Она мучилась, боялась, что в груди перегорит молоко, чувствовала себя беспредельно виноватой перед мужем и хотела, чтобы он простил ее.
Мачеха и Одарка тоже работали с охотой и потихоньку пели: им вспомнилось девичество, и они помолодели, думая о минувшем. Как большинству людей, прошлое казалось им лучше настоящего.
Сладко ныли согнутые спины, болели исколотые сухим жнивьем ноги и руки, но женщины не отдыхали. Колыхая бедрами, они шли за косарками по скошенному полю, ловко наклонялись до самой земли, нежными материнскими движениями брали на руку вороха срезанной пшеницы, умело, как детей, пеленали туго сбитые снопы.
Оглянувшись, Илько увидел, как женственным движением, подобно тому, как девушка перебрасывает косу из-за спины на плечо, чтобы заплести ее, Христя брала пук колосьев, скручивала их в перевясло, затем, ловко переломив, с неженской силой подпоясывала сноп.
— Вот и возвернулся Илюшка до Христи, — изливалась перед мачехой Одарка. — А мой Степка заявится когда-нибудь или нет? Может, и в живых давно нэмае, а я все згадываю, все сохну по милому.
— Если живой, то беспременно прибудет, он тебя кохае, я знаю, — успокаивала мачеха. — Может, где в лазарете пребывает или в тюряге мается, сейчас всего ожидать можно. Вон про батька сколько месяцев ни слуха ни духа не было, а повернулись здравы и невредимы, и не один, а вдвоем с Ильком.
В два часа, по знаку Назара Гавриловича, перекусили налегке, запивая холодный вареный картофель с ломтиками сала тепловатым квасом из ржаных сухарей.
Илько, отпив несколько глотков, подал кружку Христе, и она с благодарностью приняла ее из его рук.
Она чувствовала себя несчастной, и хотя знала, что прощение если даже и придет, то придет не скоро, ждала его, тайно надеясь на свою женскую привлекательность.
После обеда косили и вязали снопы до первой звезды, украсившей зеленоватое предвечернее небо.
В темноте доверху нагрузили арбу снопами. Илько, подсадив жену и подав ей раскричавшегося ребенка, взобрался наверх и погнал коней домой.

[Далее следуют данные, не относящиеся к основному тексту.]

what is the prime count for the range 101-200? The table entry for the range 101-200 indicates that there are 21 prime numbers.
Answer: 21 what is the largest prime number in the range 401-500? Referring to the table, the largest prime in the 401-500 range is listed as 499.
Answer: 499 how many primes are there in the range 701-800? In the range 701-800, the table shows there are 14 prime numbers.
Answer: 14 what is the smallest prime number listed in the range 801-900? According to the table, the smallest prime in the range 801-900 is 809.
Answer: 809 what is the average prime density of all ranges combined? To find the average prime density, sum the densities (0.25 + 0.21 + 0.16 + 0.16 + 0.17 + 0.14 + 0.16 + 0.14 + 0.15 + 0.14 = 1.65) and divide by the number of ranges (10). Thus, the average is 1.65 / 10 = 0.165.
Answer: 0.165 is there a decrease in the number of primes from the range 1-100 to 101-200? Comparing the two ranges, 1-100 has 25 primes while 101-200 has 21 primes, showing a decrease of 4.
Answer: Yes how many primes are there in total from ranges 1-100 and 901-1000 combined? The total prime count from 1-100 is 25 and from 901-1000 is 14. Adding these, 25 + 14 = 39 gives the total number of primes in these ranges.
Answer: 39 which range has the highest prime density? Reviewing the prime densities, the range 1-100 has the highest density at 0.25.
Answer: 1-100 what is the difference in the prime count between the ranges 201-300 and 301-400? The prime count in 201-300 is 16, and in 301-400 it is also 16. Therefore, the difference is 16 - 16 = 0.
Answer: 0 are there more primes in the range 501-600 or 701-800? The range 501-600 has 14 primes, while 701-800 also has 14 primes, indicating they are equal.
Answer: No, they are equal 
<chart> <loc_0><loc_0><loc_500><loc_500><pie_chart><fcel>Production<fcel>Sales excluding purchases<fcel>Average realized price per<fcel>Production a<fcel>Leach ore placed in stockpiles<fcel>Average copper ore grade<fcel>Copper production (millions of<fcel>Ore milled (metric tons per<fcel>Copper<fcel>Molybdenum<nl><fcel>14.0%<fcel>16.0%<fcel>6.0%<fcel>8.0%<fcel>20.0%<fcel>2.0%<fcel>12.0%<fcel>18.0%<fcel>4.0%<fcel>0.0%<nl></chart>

Христя лежала на снопах навзничь и, со страхом придерживая дите, боясь уронить его, бездумно глядела на темнеющее небо, следя, как высыпают на нем звезды и начинает куриться с детства знакомый Чумацкий Шлях. Назар Гаврилович ехал сзади на косарке, гимнастерка его смутно белела в темноте.
Возле ворот нежданно встретили Грицька Бондаренко. Незаможник, погасив о каблук окурок и придерживая коня за повод, вышел из тени осокоря на лунный свет.
— Я делегирован до тебя, Назар Гаврилович… У вас три косарки. Уступи нам на время одну в коммуну, не управимся мы с одними косами.
Федорец, заставляя ждать своего ответа, почесал бороду.
— Завернули бы вы лучше до товарища Семипуда или до Каина. У них инвентаря столько же, сколько у меня, а земельки поменьше.
— Обращались! Оба кочевряжатся, до тебя посылают, говорят — ты у нас царь и бог, — закуривая, сказал Бондаренко.
— Всегда, если кому что надо, так все до меня, поют лазаря, помнят, значит, мою доброту христианскую. Добре, Грыцько, ради милого дружка и сережку из ушка. Я дам вам все три косарки, если коммуна поможет мне убрать пшеницу и ячмень. И чем скорей вы скосите, тем скорей получите косарки. Тут дело такое — услуга за услугу.
— По рукам, Назар Гаврилович. Завтра вся коммуна выйдет на твои поля.
— По рукам, — ответил кулак, хитро улыбаясь в бороду, и ударил по протянутой ладони Бондаренко. — На моих дрожжах ваша коммуна всходит.